= Exercise details =
Write out exactly the lines of the entries below, from the first through the line containing "- CH4 level at the", and nothing beyond them.

=== Supplied information ===

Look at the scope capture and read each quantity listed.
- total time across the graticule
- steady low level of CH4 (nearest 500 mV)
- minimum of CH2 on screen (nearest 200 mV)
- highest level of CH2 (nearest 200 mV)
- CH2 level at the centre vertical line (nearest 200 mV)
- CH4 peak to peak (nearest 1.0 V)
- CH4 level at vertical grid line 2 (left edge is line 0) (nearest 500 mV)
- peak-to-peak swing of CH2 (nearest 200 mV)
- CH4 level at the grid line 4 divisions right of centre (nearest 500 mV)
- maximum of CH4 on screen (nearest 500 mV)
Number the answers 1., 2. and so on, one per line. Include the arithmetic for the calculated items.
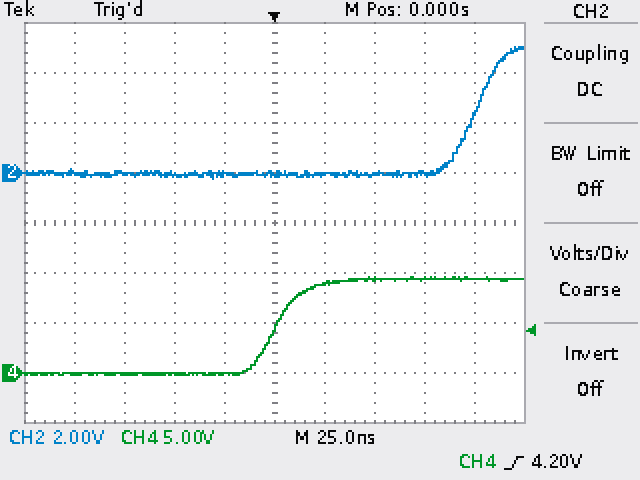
1. 250 ns
2. 0.0 V
3. -200 mV
4. 5.0 V
5. 0.0 V
6. 10.0 V
7. 0.0 V
8. 5.0 V − (-200 mV) = 5.2 V
9. 9.5 V
10. 9.5 V

===

= Task response =
Look at the scope capture and read each quantity listed.
- total time across the graticule
- steady low level of CH4 (nearest 500 mV)
- minimum of CH2 on screen (nearest 200 mV)
- highest level of CH2 (nearest 200 mV)
- CH2 level at the centre vertical line (nearest 200 mV)
- CH4 peak to peak (nearest 1.0 V)
- CH4 level at vertical grid line 2 (left edge is line 0) (nearest 500 mV)
- peak-to-peak swing of CH2 (nearest 200 mV)
- CH4 level at the grid line 4 divisions right of centre (nearest 500 mV)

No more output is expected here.